The code was written before R 4.0 and the breaking change concerning characters no longer being read as factors when loading the data, so we need to change another couple of things to get the expected behavior as well. Let’s get the predictions ready.
#Get the realisations of the betas
Beta.mcmc <- out$sims.list$beta
# Create a grid of covariate values
time_range <- range(Monkeys_sub$Time.std)
relate_range <- range(Monkeys_sub$Relatedness.std)
MyData <-
expand.grid(Time.std = seq(time_range[1], time_range[2], length = 15),
Relatedness.std = seq(relate_range[1], relate_range[2], length = 15),
GroupSize = levels(as.factor(Monkeys_sub$GroupSize)))

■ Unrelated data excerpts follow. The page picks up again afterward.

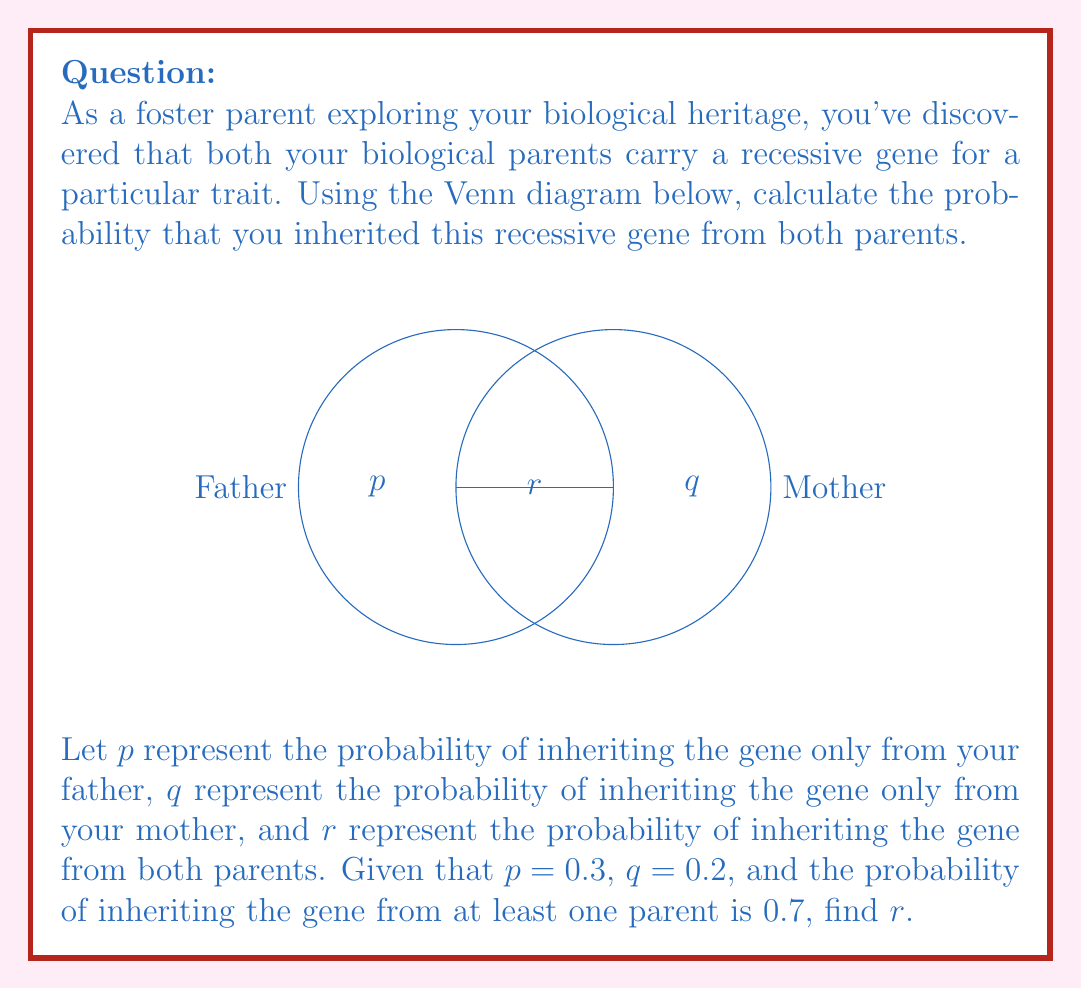Teach me how to tackle this problem. Let's approach this step-by-step:

1) First, we need to understand what the Venn diagram represents. The left circle represents inheriting the gene from the father, and the right circle represents inheriting it from the mother. The overlap ($r$) represents inheriting it from both.

2) We're given:
   $p = 0.3$ (probability of inheriting only from father)
   $q = 0.2$ (probability of inheriting only from mother)
   Probability of inheriting from at least one parent = 0.7

3) In set theory, the probability of inheriting from at least one parent is represented by the union of the two sets:

   $P(\text{Father} \cup \text{Mother}) = p + q + r = 0.7$

4) Substituting the known values:

   $0.3 + 0.2 + r = 0.7$

5) Solving for $r$:

   $r = 0.7 - 0.3 - 0.2 = 0.2$

Therefore, the probability of inheriting the recessive gene from both parents is 0.2 or 20%.
Answer: $r = 0.2$ 
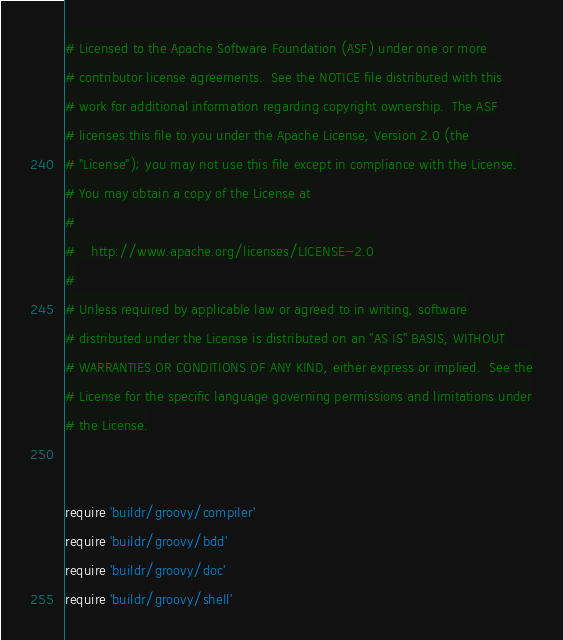Convert code to text. <code><loc_0><loc_0><loc_500><loc_500><_Ruby_># Licensed to the Apache Software Foundation (ASF) under one or more
# contributor license agreements.  See the NOTICE file distributed with this
# work for additional information regarding copyright ownership.  The ASF
# licenses this file to you under the Apache License, Version 2.0 (the
# "License"); you may not use this file except in compliance with the License.
# You may obtain a copy of the License at
#
#    http://www.apache.org/licenses/LICENSE-2.0
#
# Unless required by applicable law or agreed to in writing, software
# distributed under the License is distributed on an "AS IS" BASIS, WITHOUT
# WARRANTIES OR CONDITIONS OF ANY KIND, either express or implied.  See the
# License for the specific language governing permissions and limitations under
# the License.


require 'buildr/groovy/compiler'
require 'buildr/groovy/bdd'
require 'buildr/groovy/doc'
require 'buildr/groovy/shell'
</code>

# Convert the grid into a X matrix, and calculate the fitted
# values for each (!) MCMC iteration
X <- model.matrix(~Time.std * Relatedness.std +
Relatedness.std * GroupSize,
data = MyData)
Betas <- Beta.mcmc
eta <- X %*% t(Betas)
mu <- exp(eta) / (1 + exp(eta))
L <- MyLinesStuff(mu)
str(L) #Posterior mean, se and 95% CI for each of these covariate values num [1:450, 1:4] 0.651 0.644 0.637 0.63 0.622 ...
- attr(*, "dimnames")=List of 2
..$ : NULL
..$ : chr [1:4] "mean" "se" "2.5%" "97.5%"#Glue the results in L to the MyData object
MyData <- cbind(MyData,L)
str(MyData)'data.frame': 450 obs. of 7 variables:
$ Time.std : num -2.25 -1.96 -1.66 -1.37 -1.07 ...

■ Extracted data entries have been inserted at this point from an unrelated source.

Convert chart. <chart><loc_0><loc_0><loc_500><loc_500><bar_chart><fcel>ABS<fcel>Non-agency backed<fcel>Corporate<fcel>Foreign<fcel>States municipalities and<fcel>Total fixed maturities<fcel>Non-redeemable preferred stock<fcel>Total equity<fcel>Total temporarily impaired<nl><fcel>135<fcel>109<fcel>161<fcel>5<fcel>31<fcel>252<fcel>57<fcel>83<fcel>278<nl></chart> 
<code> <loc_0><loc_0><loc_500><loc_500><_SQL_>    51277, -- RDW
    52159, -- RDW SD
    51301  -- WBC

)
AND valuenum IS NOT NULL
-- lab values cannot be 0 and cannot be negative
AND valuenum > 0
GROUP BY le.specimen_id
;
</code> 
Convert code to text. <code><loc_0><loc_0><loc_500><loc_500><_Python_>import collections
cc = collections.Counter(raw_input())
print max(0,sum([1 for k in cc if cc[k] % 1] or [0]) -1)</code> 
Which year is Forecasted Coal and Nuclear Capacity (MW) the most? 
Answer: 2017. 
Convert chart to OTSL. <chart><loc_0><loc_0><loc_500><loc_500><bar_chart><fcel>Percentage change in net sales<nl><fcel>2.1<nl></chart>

$ Relatedness.std: num -1.41 -1.41 -1.41 -1.41 -1.41 ...
$ GroupSize : Factor w/ 2 levels "large","small": 1 1 1 1 1 1 1 1 1 1 ...
$ mean : num 0.651 0.644 0.637 0.63 0.622 ...
$ se : num 0.0425 0.0417 0.041 0.0403 0.0397 ...
$ 2.5% : num 0.575 0.57 0.564 0.559 0.552 ...
$ 97.5% : num 0.73 0.72 0.711 0.702 0.693 ...The code to make figure 8 is not like in the paper.
# In the paper we use a slighly different angle. Change
# the i value, or put a loop around this code in which i
# runs form 1 to 1000.
i <- 70
p_3D <- wireframe(mean ~ Time.std + Relatedness.std,
data = MyData,
group = GroupSize,
#zlim = c(0,1),
shade = TRUE,
scales = list(arrows = FALSE),
drape = TRUE,
colorkey = FALSE,
screen = list(z = i, x = -60 - i /5))
print(p_3D)
So let’s try and use a better solution. Both rgl and plotly are great for 3D plotting. Let’s give rgl a try.
plot3d(
y = MyData$Relatedness.std,
z = MyData$mean,
x = MyData$Time.std,
# col = data$color,
type = 's',
radius = .1,
ylab = "Relatedness std", zlab = "Mean", xlab = "Time.std"
)
# saveWidget(rglwidget(width = 520, height = 520),
# file = here("widgets", "rgl_plot.html"),
# libdir = "libs",
# selfcontained = FALSE
# )Step 10: Simulate from the model
In this section the authors simulate from the model and show that the model underestimates the amount of 0s.
N <- nrow(Owls)
gg <- simulate(M1, 10000)
zeros <- vector(length = 10000)
for (i in 1:10000) {
zeros[i] <- sum(gg[,i] == 0) / N
}
plot(table(zeros),
xlim = c(0, 160 / N),
axes = FALSE,
xlab = "Percentage of zeros",
ylab = "Frequency")
axis(2)
axis(1, at = c(0.05, .10, 0.15, 0.20, 0.25),
labels = c("5%", "10%", "15%", "20%", "25%"))
points(x = sum(Owls$NCalls == 0) / N, y = 0, pch = 16, cex = 3, col = 2)
They also mention the use of cross-validation and counterfactuals (“what ifs”).
I found that simulation could have been introduced earlier: simulating specific pattern in the data to make sure our understanding of the model is accurate (a la statistical rethinking).